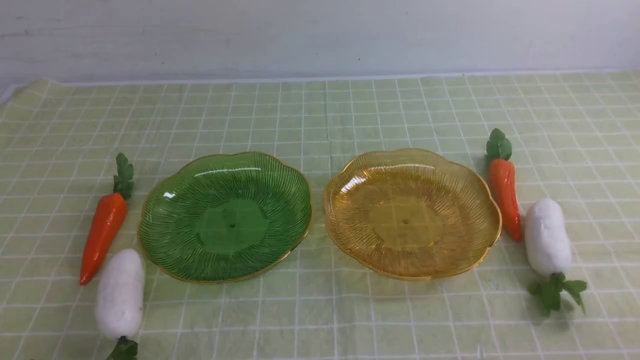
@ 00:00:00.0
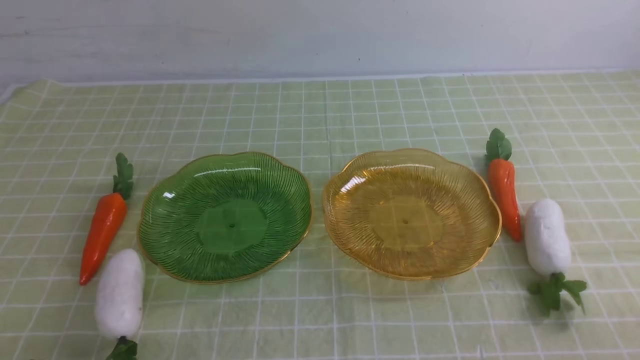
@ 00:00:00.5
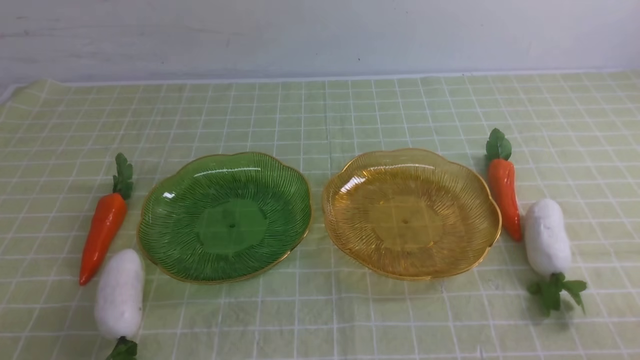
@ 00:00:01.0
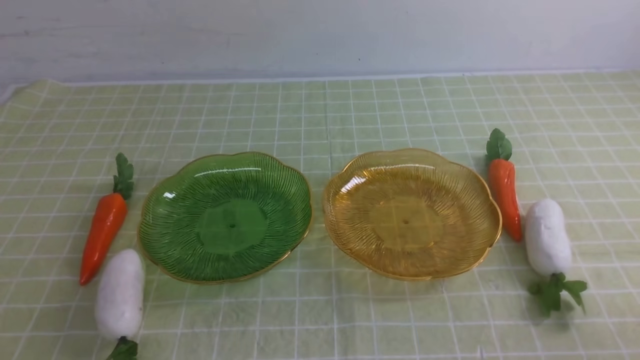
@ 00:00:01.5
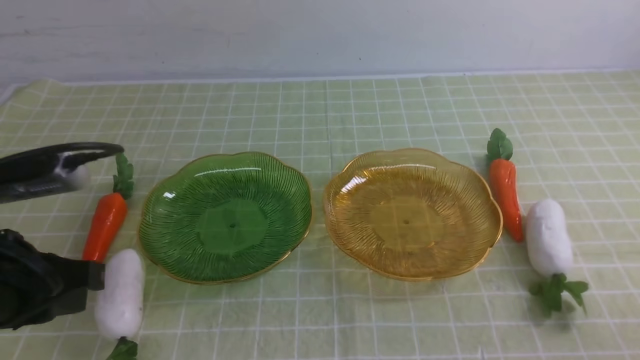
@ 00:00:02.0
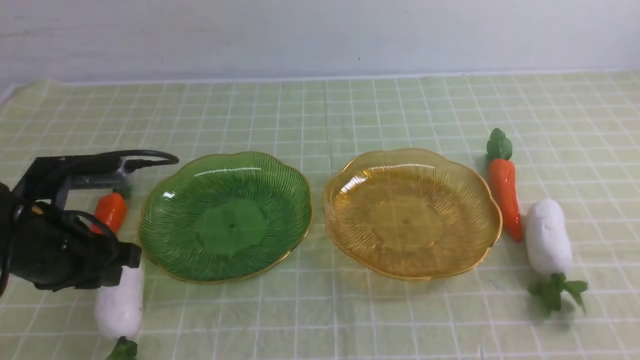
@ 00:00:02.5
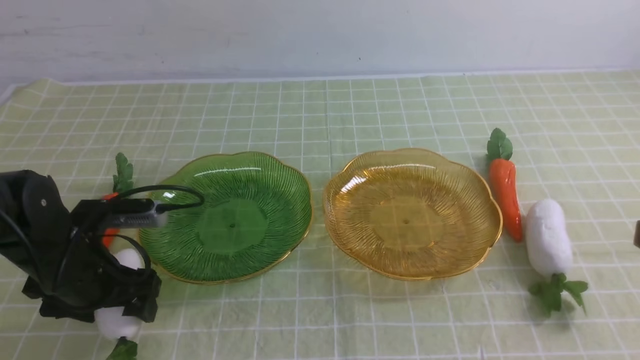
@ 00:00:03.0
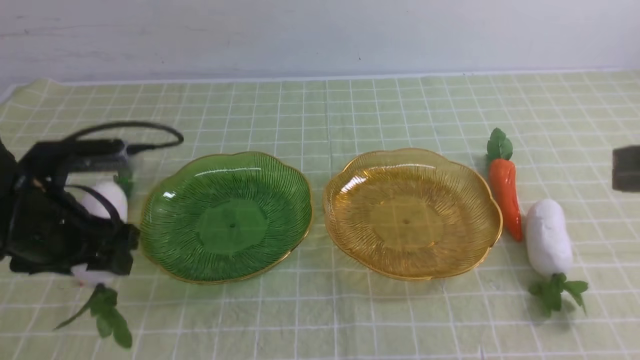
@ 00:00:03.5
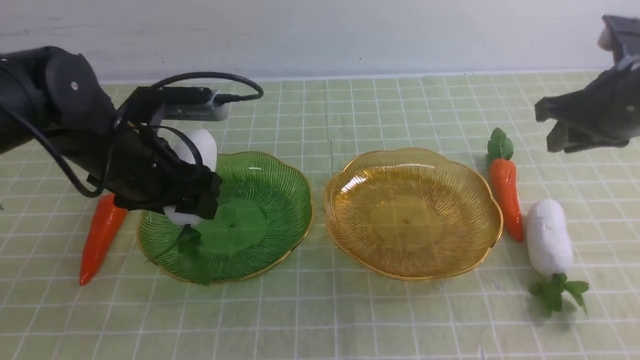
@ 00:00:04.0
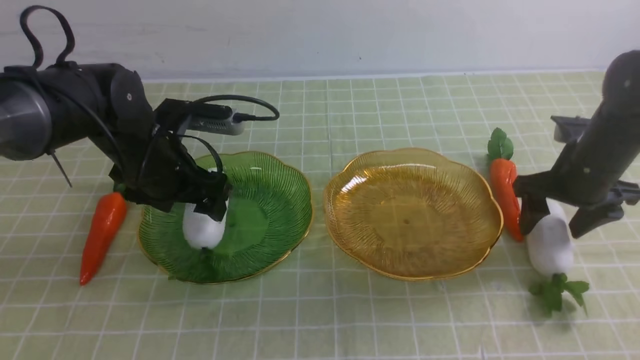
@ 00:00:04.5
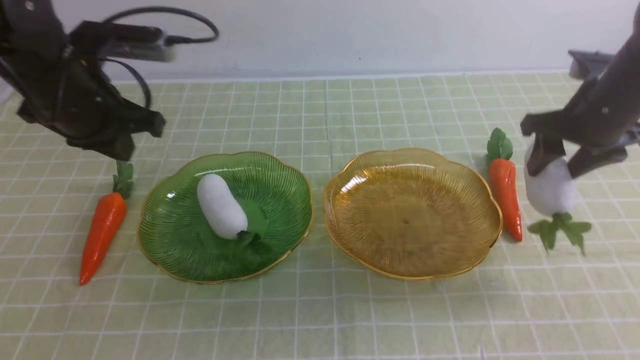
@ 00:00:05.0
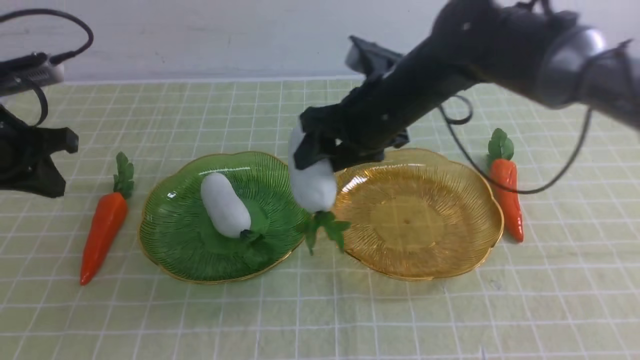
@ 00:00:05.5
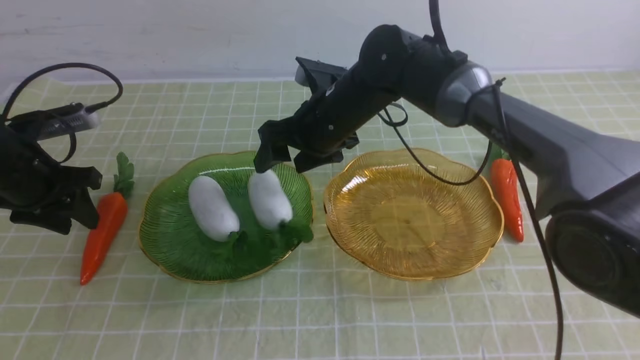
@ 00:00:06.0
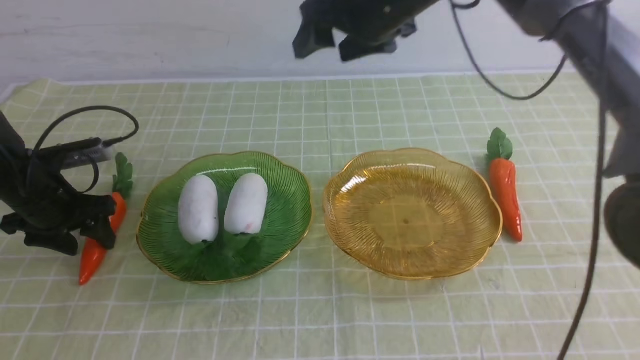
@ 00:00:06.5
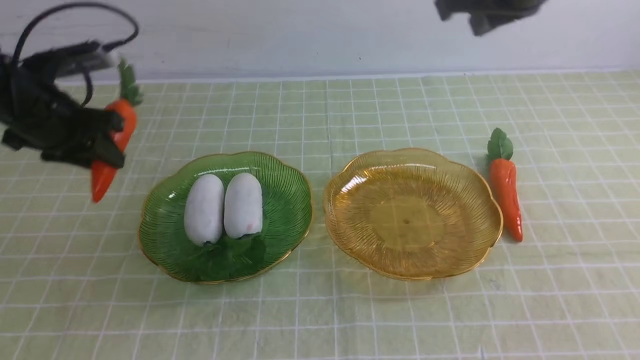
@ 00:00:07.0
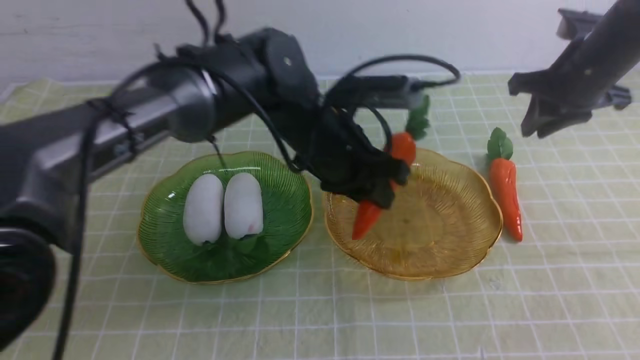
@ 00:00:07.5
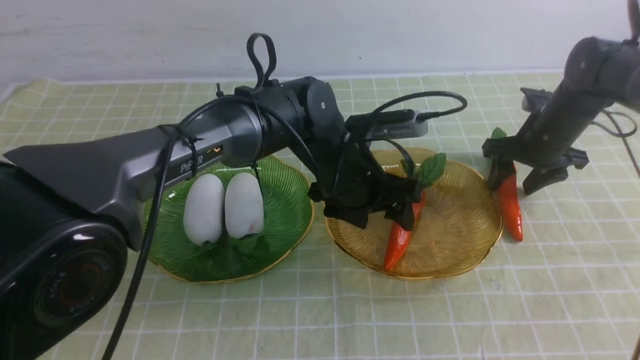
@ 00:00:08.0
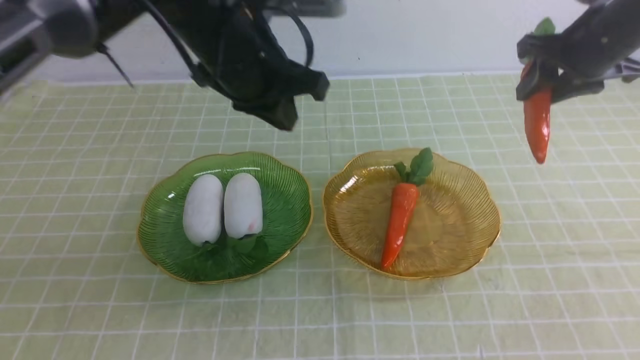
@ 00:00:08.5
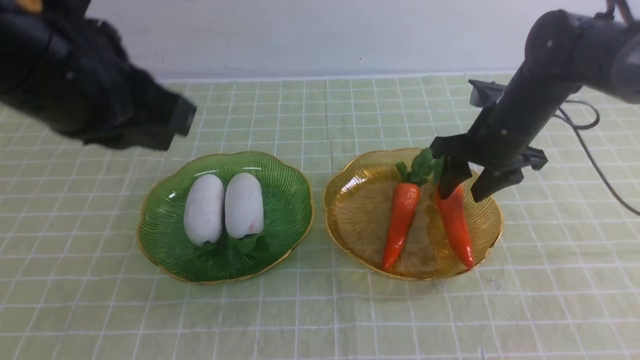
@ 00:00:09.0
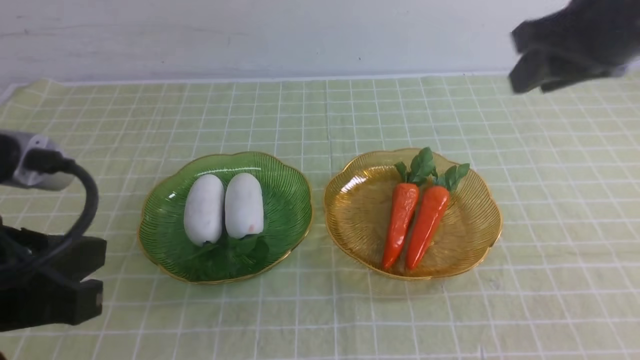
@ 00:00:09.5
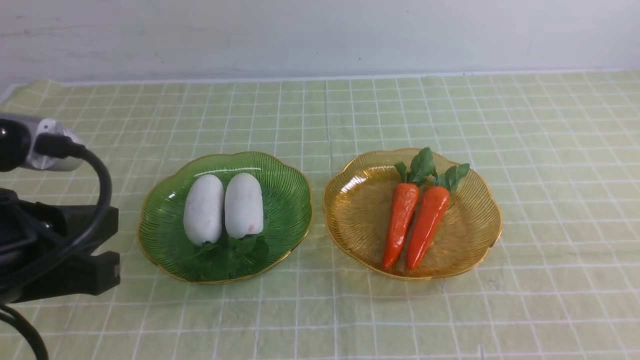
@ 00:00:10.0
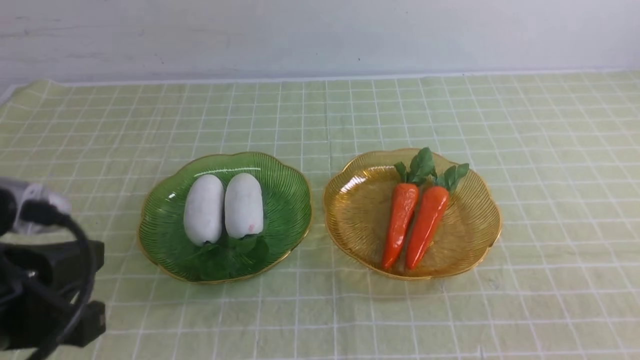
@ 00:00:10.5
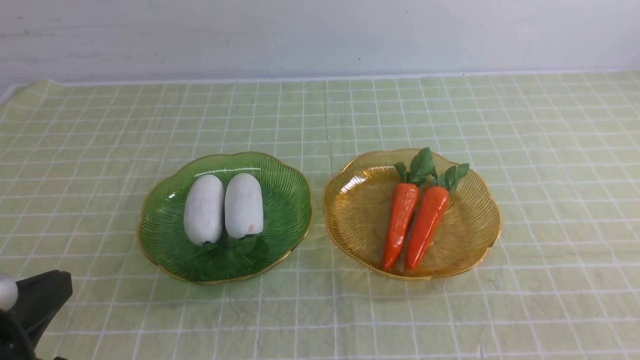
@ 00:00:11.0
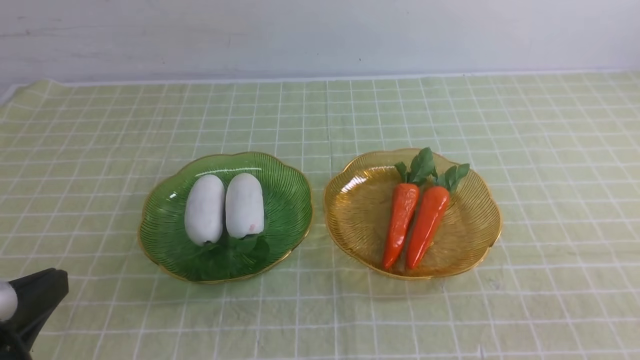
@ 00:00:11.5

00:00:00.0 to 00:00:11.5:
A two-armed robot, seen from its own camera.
Step, 00:00:00.0 to 00:00:03.5: use the left arm to grab a radish and put it into the left plate.
Step, 00:00:04.0 to 00:00:06.0: use the right arm to grab a radish and put it into the left plate.
Step, 00:00:06.5 to 00:00:08.5: use the left arm to grab a carrot and put it into the right plate.
Step, 00:00:09.0 to 00:00:09.5: use the right arm to grab a carrot and put it into the right plate.
00:00:00.0 to 00:00:02.0: The left gripper is displaced forward and upward by roughly 20 cm.
00:00:02.0 to 00:00:04.0: The left gripper shifts about 15 cm forward, and opens its fingers, while the right gripper moves forward, approximately 30 cm, and opens its fingers.
00:00:04.0 to 00:00:06.0: The left gripper goes about 15 cm to the left, and closes, then opens again; the right gripper travels to the left by about 25 cm, and opens its fingers.
00:00:06.0 to 00:00:07.5: The grippers both shift to the right by some 30 cm. The right gripper closes its fingers.
00:00:07.5 to 00:00:09.5: The left gripper is displaced backward and to the left by roughly 30 cm, and closes its fingers. The right gripper swings up and down, some 25 cm each way, with 3 reversals, and opens, then closes again.
00:00:09.5 to 00:00:11.5: The right gripper travels backward and downward by roughly 30 cm, and closes, while the left gripper moves downward and backward, approximately 10 cm.

____

PROBLEM TO WORK ON:
Set down the data above verbatim, omitting every image.

WRITTEN REPLY:
@ 00:00:00.0
@ 00:00:00.5
@ 00:00:01.0
@ 00:00:01.5
@ 00:00:02.0
@ 00:00:02.5
@ 00:00:03.0
@ 00:00:03.5
@ 00:00:04.0
@ 00:00:04.5
@ 00:00:05.0
@ 00:00:05.5
@ 00:00:06.0
@ 00:00:06.5
@ 00:00:07.0
@ 00:00:07.5
@ 00:00:08.0
@ 00:00:08.5
@ 00:00:09.0
@ 00:00:09.5
@ 00:00:10.0
@ 00:00:10.5
@ 00:00:11.0
@ 00:00:11.5

00:00:00.0 to 00:00:11.5:
A two-armed robot, seen from its own camera.
Step, 00:00:00.0 to 00:00:03.5: use the left arm to grab a radish and put it into the left plate.
Step, 00:00:04.0 to 00:00:06.0: use the right arm to grab a radish and put it into the left plate.
Step, 00:00:06.5 to 00:00:08.5: use the left arm to grab a carrot and put it into the right plate.
Step, 00:00:09.0 to 00:00:09.5: use the right arm to grab a carrot and put it into the right plate.
00:00:00.0 to 00:00:02.0: The left gripper is displaced forward and upward by roughly 20 cm.
00:00:02.0 to 00:00:04.0: The left gripper shifts about 15 cm forward, and opens its fingers, while the right gripper moves forward, approximately 30 cm, and opens its fingers.
00:00:04.0 to 00:00:06.0: The left gripper goes about 15 cm to the left, and closes, then opens again; the right gripper travels to the left by about 25 cm, and opens its fingers.
00:00:06.0 to 00:00:07.5: The grippers both shift to the right by some 30 cm. The right gripper closes its fingers.
00:00:07.5 to 00:00:09.5: The left gripper is displaced backward and to the left by roughly 30 cm, and closes its fingers. The right gripper swings up and down, some 25 cm each way, with 3 reversals, and opens, then closes again.
00:00:09.5 to 00:00:11.5: The right gripper travels backward and downward by roughly 30 cm, and closes, while the left gripper moves downward and backward, approximately 10 cm.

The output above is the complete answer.